The flaw, identified as CVE-2025-61932 and rated CVSS v4 9.3, affects on-premises versions of Lanscope Endpoint Manager, specifically the Client program and Detection Agent, and could allow attackers to execute arbitrary code on affected systems. CISA described the issue as an improper verification of the source of a communication channel that can be triggered by specially crafted packets.
Motex has reported the flaw affects versions 9.4.7.1 and earlier and said it has been fixed in subsequent releases. The vendor notes patched versions include 9.3.2.7, 9.3.3.9, 9.4.0.5, 9.4.1.5, 9.4.2.6, 9.4.3.8, 9.4.4.6, 9.4.5.4, 9.4.6.3 and 9.4.7.3, according to its advisory on the company site addressing how the issue impacts customers.
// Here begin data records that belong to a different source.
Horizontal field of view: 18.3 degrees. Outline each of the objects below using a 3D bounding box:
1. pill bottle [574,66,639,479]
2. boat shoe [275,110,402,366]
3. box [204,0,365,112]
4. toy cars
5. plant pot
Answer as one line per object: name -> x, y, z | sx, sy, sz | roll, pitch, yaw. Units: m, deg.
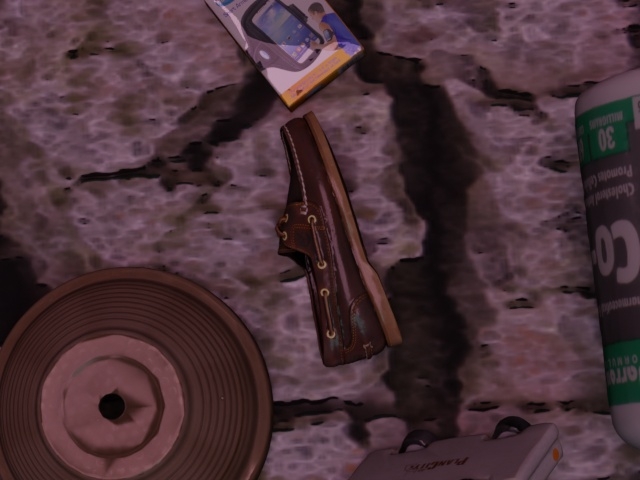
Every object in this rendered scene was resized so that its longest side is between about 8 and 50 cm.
pill bottle -> 0.314, 0.050, 1.520 | 0.204, 0.204, 0.361 | -7, 82, 3
boat shoe -> 0.000, 0.000, 1.612 | 0.073, 0.073, 0.207 | -19, 82, -1
box -> -0.035, -0.185, 1.661 | 0.081, 0.028, 0.136 | -38, 84, -1
toy cars -> 0.015, 0.252, 1.544 | 0.393, 0.176, 0.087 | -28, 106, 0
plant pot -> -0.159, 0.135, 1.589 | 0.237, 0.110, 0.237 | -1, 83, 5
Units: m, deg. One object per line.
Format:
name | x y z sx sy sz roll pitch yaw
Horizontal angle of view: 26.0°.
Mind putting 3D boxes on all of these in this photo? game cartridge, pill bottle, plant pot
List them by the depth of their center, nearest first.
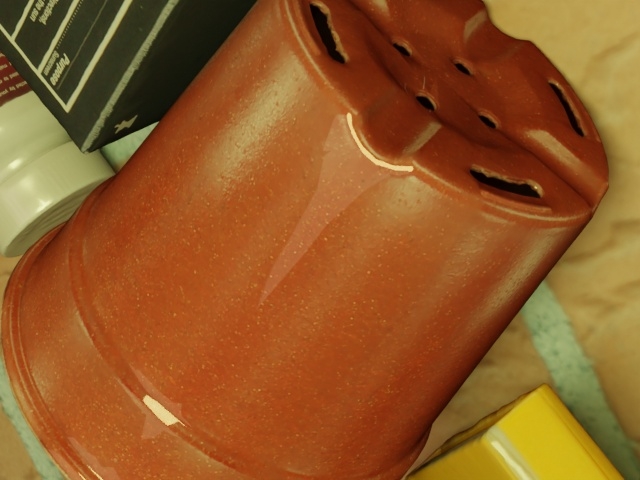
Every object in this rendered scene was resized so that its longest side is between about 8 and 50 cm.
plant pot | 0.000 0.000 0.769 0.272 0.272 0.265 46 125 12
game cartridge | 0.182 0.234 0.771 0.323 0.053 0.285 49 167 7
pill bottle | -0.251 -0.105 1.006 0.221 0.121 0.121 54 134 5

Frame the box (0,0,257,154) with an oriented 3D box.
box | -0.105 -0.262 0.763 0.294 0.183 0.296 51 135 9
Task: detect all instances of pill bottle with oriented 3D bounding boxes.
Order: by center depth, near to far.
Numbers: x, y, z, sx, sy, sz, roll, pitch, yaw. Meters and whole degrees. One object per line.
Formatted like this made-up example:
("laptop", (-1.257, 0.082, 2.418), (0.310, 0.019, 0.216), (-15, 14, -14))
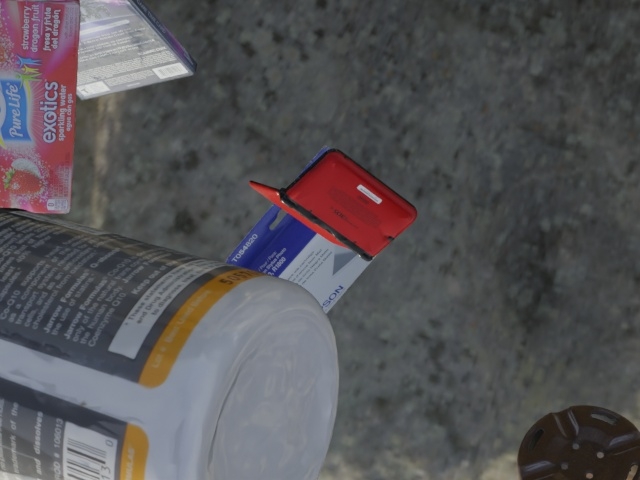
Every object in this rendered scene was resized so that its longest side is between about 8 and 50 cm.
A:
("pill bottle", (-0.143, 0.070, 0.769), (0.278, 0.162, 0.162), (14, 134, 28))

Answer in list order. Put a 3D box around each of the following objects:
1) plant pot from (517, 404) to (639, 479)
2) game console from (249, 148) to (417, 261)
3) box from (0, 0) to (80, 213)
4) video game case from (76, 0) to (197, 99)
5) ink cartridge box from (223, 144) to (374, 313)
("plant pot", (0.266, 0.261, 1.385), (0.167, 0.167, 0.165), (4, 139, 18))
("game console", (0.014, -0.047, 1.560), (0.124, 0.085, 0.144), (-43, 125, 19))
("box", (-0.335, -0.170, 1.554), (0.123, 0.128, 0.257), (1, 119, -14))
("video game case", (-0.319, -0.292, 1.886), (0.196, 0.026, 0.274), (-9, 145, 26))
("ink cartridge box", (0.000, 0.000, 1.927), (0.223, 0.045, 0.224), (-49, 146, 5))
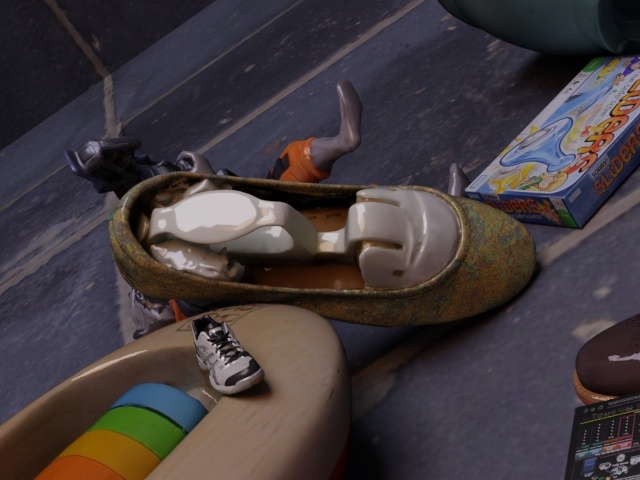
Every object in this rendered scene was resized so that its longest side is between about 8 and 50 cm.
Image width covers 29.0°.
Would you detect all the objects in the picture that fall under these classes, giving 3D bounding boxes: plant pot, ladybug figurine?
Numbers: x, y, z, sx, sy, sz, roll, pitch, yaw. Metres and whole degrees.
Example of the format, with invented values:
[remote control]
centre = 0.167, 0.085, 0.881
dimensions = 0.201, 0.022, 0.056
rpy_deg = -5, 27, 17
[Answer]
[plant pot]
centre = 0.272, -0.298, 1.199
dimensions = 0.293, 0.293, 0.196
rpy_deg = -39, 51, -7
[ladybug figurine]
centre = -0.128, 0.198, 0.843
dimensions = 0.305, 0.161, 0.449
rpy_deg = -6, 25, 41

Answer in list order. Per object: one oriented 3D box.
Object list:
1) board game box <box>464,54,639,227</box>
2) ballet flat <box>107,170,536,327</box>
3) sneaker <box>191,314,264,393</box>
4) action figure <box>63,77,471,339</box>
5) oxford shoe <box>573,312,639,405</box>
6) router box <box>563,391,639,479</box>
[board game box]
centre = 0.240, -0.093, 1.109
dimensions = 0.201, 0.035, 0.136
rpy_deg = -45, 25, -20
[ballet flat]
centre = 0.000, 0.000, 0.983
dimensions = 0.349, 0.123, 0.123
rpy_deg = 3, 31, 4
[sneaker]
centre = -0.065, 0.073, 0.805
dimensions = 0.032, 0.037, 0.083
rpy_deg = -26, 22, -21
[action figure]
centre = -0.066, -0.006, 1.136
dimensions = 0.330, 0.341, 0.178
rpy_deg = -33, 63, 24
[oxford shoe]
centre = 0.272, 0.022, 0.769
dimensions = 0.271, 0.098, 0.097
rpy_deg = -27, 25, 19
[router box]
centre = 0.207, 0.130, 0.731
dimensions = 0.122, 0.038, 0.092
rpy_deg = -20, 27, 32
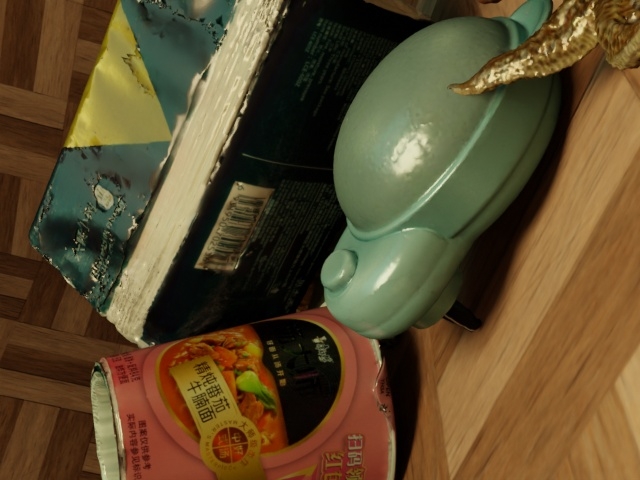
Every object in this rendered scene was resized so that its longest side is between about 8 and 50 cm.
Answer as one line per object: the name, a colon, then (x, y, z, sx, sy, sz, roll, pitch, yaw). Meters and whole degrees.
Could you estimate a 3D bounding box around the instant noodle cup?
instant noodle cup: (-0.083, 0.182, 0.908, 0.244, 0.254, 0.244, 175, 90, -69)

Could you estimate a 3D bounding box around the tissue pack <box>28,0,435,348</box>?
tissue pack: (-0.095, -0.116, 1.008, 0.264, 0.253, 0.417, -3, -53, -53)

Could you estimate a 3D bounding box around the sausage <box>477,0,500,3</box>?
sausage: (0.153, -0.224, 0.618, 0.158, 0.036, 0.042, -49, 24, 16)

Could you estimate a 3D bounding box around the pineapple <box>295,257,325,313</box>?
pineapple: (0.000, 0.000, 1.243, 0.225, 0.076, 0.225, 5, -90, -68)

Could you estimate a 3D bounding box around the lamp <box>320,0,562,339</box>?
lamp: (0.087, -0.057, 0.750, 0.209, 0.147, 0.284, -161, 83, -74)

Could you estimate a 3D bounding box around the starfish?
starfish: (0.185, -0.180, 0.574, 0.277, 0.062, 0.236, -44, 25, 49)

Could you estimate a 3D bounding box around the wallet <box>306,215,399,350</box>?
wallet: (0.061, -0.026, 1.084, 0.223, 0.077, 0.310, 144, 141, -71)
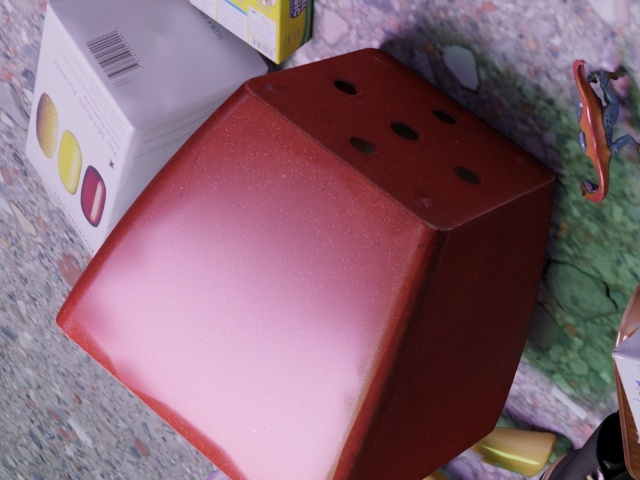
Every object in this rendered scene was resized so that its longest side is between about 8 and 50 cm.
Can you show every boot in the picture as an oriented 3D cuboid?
[{"bbox_3d":[0.195,0.231,1.261,0.077,0.198,0.137,21,145,-2],"label":"boot"}]

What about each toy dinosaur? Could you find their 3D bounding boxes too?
[{"bbox_3d":[0.176,-0.068,1.054,0.047,0.090,0.082,-1,80,43],"label":"toy dinosaur"}]

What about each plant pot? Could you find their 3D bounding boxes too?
[{"bbox_3d":[0.017,0.014,1.170,0.267,0.267,0.236,39,122,20],"label":"plant pot"}]

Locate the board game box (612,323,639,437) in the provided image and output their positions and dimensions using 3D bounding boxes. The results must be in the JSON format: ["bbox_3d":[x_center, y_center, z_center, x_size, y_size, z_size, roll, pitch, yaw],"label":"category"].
[{"bbox_3d":[0.318,0.151,1.042,0.144,0.142,0.275,14,135,46],"label":"board game box"}]

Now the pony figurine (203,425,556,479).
[{"bbox_3d":[-0.019,0.176,1.454,0.363,0.303,0.351,28,151,-4],"label":"pony figurine"}]

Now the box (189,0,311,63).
[{"bbox_3d":[-0.055,-0.230,1.214,0.105,0.043,0.179,37,151,22],"label":"box"}]

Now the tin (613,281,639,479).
[{"bbox_3d":[0.249,0.094,1.112,0.040,0.106,0.189,17,139,34],"label":"tin"}]

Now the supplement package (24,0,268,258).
[{"bbox_3d":[-0.157,-0.108,1.381,0.139,0.134,0.244,55,153,16],"label":"supplement package"}]

Details about how the vulnerability is being exploited, who is conducting the attacks and the scale of activity remain unknown. The Japan Vulnerability Notes portal noted Motex confirmed an unnamed customer received a malicious packet suspected to target this vulnerability.
Federal Civilian Executive Branch agencies have been advised to remediate CVE-2025-61932 by November 12, 2025.